#' Simonoff-Tsai Tests for Heteroskedasticity in a Linear Regression Model
#'
#' This function implements the modified profile likelihood ratio test and
#' score test of \insertCite{Simonoff94;textual}{skedastic} for testing
#' for heteroskedasticity in a linear regression model.
#'
#' @details The Simonoff-Tsai Likelihood Ratio Test involves a modification of
#' the profile likelihood function so that the nuisance parameter will be
#' orthogonal to the parameter of interest. The maximum likelihood estimate
#' of \eqn{\lambda} (called \eqn{\delta} in
#' \insertCite{Simonoff94;textual}{skedastic}) is computed from the modified
#' profile log-likelihood function using the Nelder-Mead algorithm in
#' \code{\link[stats]{optim}}. Under the null hypothesis of
#' homoskedasticity, the distribution of the test statistic is
#' asymptotically chi-squared with \eqn{q} degrees of freedom. The test is
#' right-tailed.
#'
#' The Simonoff-Tsai Score Test entails adding a term to either the score
#' statistic of \insertCite{Cook83;textual}{skedastic} (a test implemented
#' in \code{\link{cook_weisberg}}) or to that of
#' \insertCite{Koenker81;textual}{skedastic} (a test implemented in
#' \code{\link{breusch_pagan}} with argument \code{koenker} set to
#' \code{TRUE}), in order to improve the robustness of these respective
#' tests in the presence of non-normality. This test likewise has a test
#' statistic that is asymptotically \eqn{\chi^2(q)}-distributed and the test
#' is likewise right-tailed.
#'
#' The assumption of underlying both tests is that
#' \eqn{\mathrm{Cov}(\epsilon)=\omega W}, where \eqn{W} is
#' an \eqn{n\times n} diagonal matrix with \eqn{i}th diagonal element
#' \eqn{w_i=w(Z_i, \lambda)}. Here, \eqn{Z_i} is the \eqn{i}th row of an
#' \eqn{n \times q} nonstochastic auxiliary design matrix \eqn{Z}. Note:
#' \eqn{Z} as defined here does not have a column of ones, but is
#' concatenated to a column of ones when used in an auxiliary regression.

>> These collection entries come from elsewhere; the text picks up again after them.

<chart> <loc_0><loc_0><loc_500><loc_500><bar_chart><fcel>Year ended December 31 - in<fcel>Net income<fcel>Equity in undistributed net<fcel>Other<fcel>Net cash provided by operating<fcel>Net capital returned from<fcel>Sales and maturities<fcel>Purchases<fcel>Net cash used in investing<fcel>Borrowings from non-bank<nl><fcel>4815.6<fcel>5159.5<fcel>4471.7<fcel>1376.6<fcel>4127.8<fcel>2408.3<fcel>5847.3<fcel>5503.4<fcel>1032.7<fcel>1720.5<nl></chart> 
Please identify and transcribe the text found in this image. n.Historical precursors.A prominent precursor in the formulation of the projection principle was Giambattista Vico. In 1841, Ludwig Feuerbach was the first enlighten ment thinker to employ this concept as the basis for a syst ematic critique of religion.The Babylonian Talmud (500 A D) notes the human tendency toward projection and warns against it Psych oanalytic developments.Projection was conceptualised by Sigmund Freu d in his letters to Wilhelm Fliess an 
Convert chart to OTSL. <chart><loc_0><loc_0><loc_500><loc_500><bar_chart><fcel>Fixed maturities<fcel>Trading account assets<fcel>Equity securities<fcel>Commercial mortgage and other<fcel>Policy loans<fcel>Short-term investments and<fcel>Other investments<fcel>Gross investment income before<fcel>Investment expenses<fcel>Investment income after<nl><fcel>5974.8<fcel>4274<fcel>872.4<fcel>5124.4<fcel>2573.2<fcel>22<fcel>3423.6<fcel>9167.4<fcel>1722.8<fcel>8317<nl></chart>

#' \eqn{\lambda} is a \eqn{q}-vector of unknown parameters, and
#' \eqn{w(\cdot)} is a real-valued, twice-differentiable function having the
#' property that there exists some \eqn{\lambda_0} for which
#' \eqn{w(Z_i,\lambda_0)=0} for all \eqn{i=1,2,\ldots,n}. Thus, the null
#' hypothesis of homoskedasticity may be expressed as
#' \eqn{\lambda=\lambda_0}.
#'
#' In the score test, the added term in the test statistic is of the form
#' \deqn{\sum_{j=1}^{q} \left(\sum_{i=1}^{n} h_{ii} t_{ij}\right) \tau_j},
#' where \eqn{t_{ij}} is the \eqn{(i,j)}th element of the Jacobian matrix
#' \eqn{J} evaluated at \eqn{\lambda=\lambda_0}:
#' \deqn{t_{ij}=\left.\frac{\partial w(Z_i, \lambda)}{\partial \lambda_j}\right|_{\lambda=\lambda_0}},
#' and \eqn{\tau=(\bar{J}'\bar{J})^{-1}\bar{J}'d}, where \eqn{d} is the
#' \eqn{n}-vector whose \eqn{i}th element is \eqn{e_i^2\bar{\omega}^{-1}},
#' \eqn{\bar{\omega}=n^{-1}e'e}, and \eqn{\bar{J}=(I_n-1_n 1_n'/n)J}.
#'
#' @param method A character specifying which of the tests proposed in
#' \insertCite{Simonoff94;textual}{skedastic} to implement. \code{"mlr"}
#' corresponds to the modified profile likelihood ratio test, and
#' \code{"score"} corresponds to the score test.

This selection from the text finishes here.